Refleksje antyklerykalne Author of this text: Maciej Psyk
W młodości próbowano ze mnie zrobić katolika. Takiego z „rytu
polskiego" — spazmującego na widok bielejącej w oddali postaci, biegającego
codziennie do kościoła, spowiadającego się z onanizmu i w miarę możliwości
codziennie, żeby nie mieć grzechu jeśli przejedzie mnie samochód na ulicy
albo spadnie na mnie meteoryt jak na papieża.
Do tego celu dostałem książkę autorstwa jakowegoś księdza pt. „Światło
gór nie zgasło". Przeczytałem ją, ale jedyny wątek jaki dzisiaj z niej
pamiętam to to, że główny bohater — nastolatek — miał problemy (tzn.
uważał to za problem) z onanizmem. Ksiądz, stylizowany na mądrego i rozważnego
pedagoga-wychowawcę rozmawiał z nim ukazując mu zło tego uczynku. Wreszcie
bohater się nawrócił, obiecał poprawę i skutecznie stłumił w sobie popęd
seksualny, który znalazł ujście w dewocji i ekstazie religijnej (czyli
identycznie jak to było z wieloma aktualnymi świętymi). Choć byłem jeszcze w szkole podstawowej już wtedy miałem tyle rozumu, by rzucić ją w diabły.

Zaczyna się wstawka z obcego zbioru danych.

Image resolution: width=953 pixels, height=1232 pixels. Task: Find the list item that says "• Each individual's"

Przypuszczam, że wybór ten jeśli nie przesądził, to przynajmniej w dużym
stopniu wpłynął na moją obecną postawę — niczym kolor kulki w filmie „Matrix".
Byłem więc wysyłany do kościoła. Zupełnie to do mnie nie przemawiało.

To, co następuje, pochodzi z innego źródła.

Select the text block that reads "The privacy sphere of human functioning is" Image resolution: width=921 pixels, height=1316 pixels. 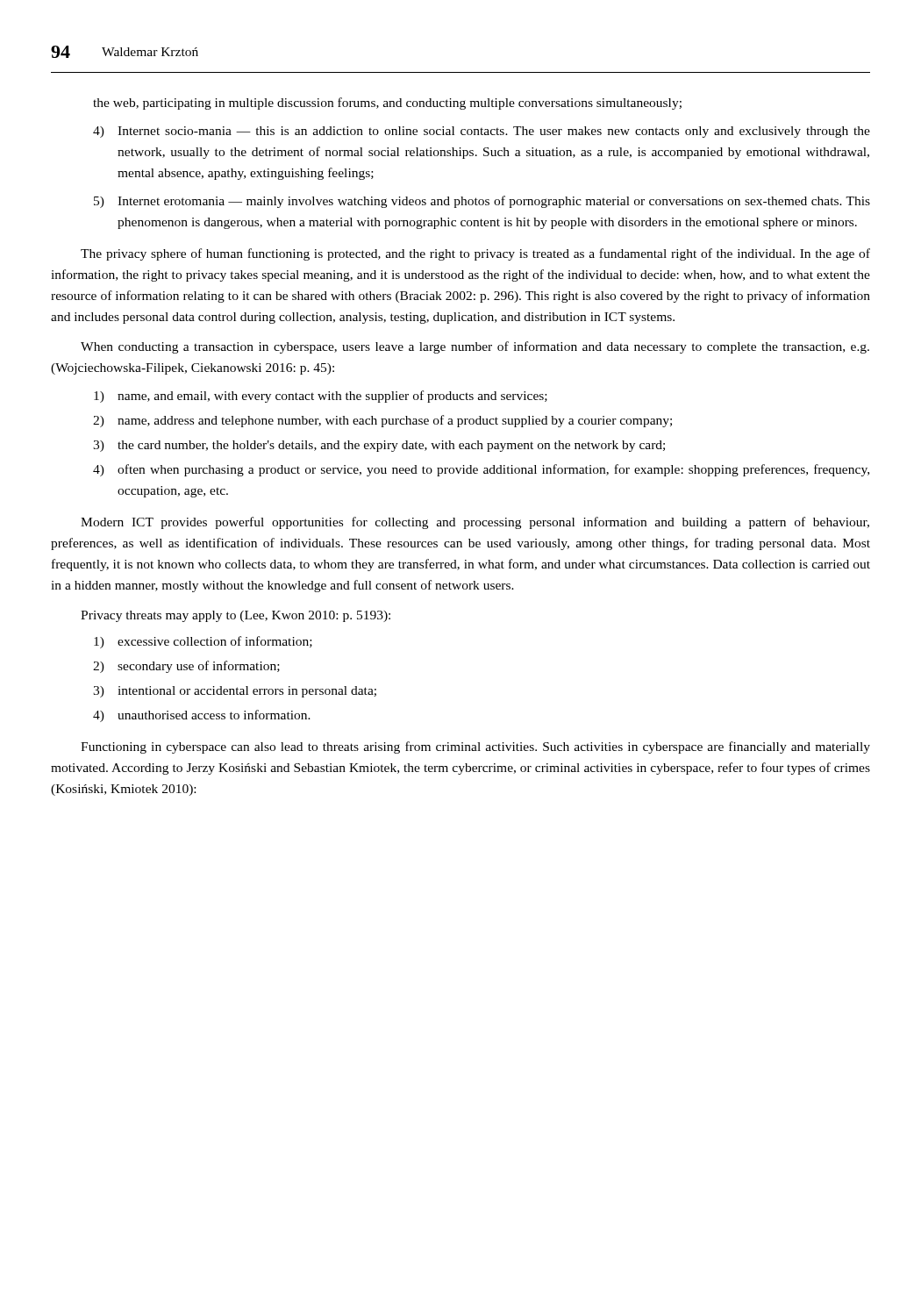[x=460, y=285]

Naprawdę — nic a nic. Nauczyłem się na pamięć, kiedy się stoi, kiedy klęczy,
kiedy siedzi a kiedy daje pieniądze. Jedyną rozrywką w tym nużącym obowiązku
było śpiewanie, ale tego było zdecydowanie za mało, bo większość czasu mówił
ksiądz. Tyle umiałem z całej mszy. Wreszcie zacząłem stać na tarasie, jak
rówieśnicy wysłani z domów na mszę dla dzieci. Tam było zupełnie inaczej — można było rozmawiać z wysłanymi kolegami, nie trzeba było klęczeć.
Można było oglądać samochody jadące ulicą. Po jakimś czasie stwierdziłem,
że mam tego dosyć. Że więcej nie pójdę. Padł argument: „Co to znaczy
jednej godziny w tygodniu nie poświęcić Bogu?!". Wtedy się zdenerwowałem.
Powiedziałem, że nie sądzę, aby Panu Bogu wyszło na zdrowie porównywanie
Go z przyrządem do gimnastyki, którego używać trzeba „jedynie" dziesięć
minut dziennie. A poza tym, że więcej czasu tygodniowo poświęca się psu więc
tak mało wymagający Bóg, który chce tylko, żeby „odpękać" w kościele
jedną godzinę tygodniowo nie jest wart nawet pięciu minut. Tak, to prawda.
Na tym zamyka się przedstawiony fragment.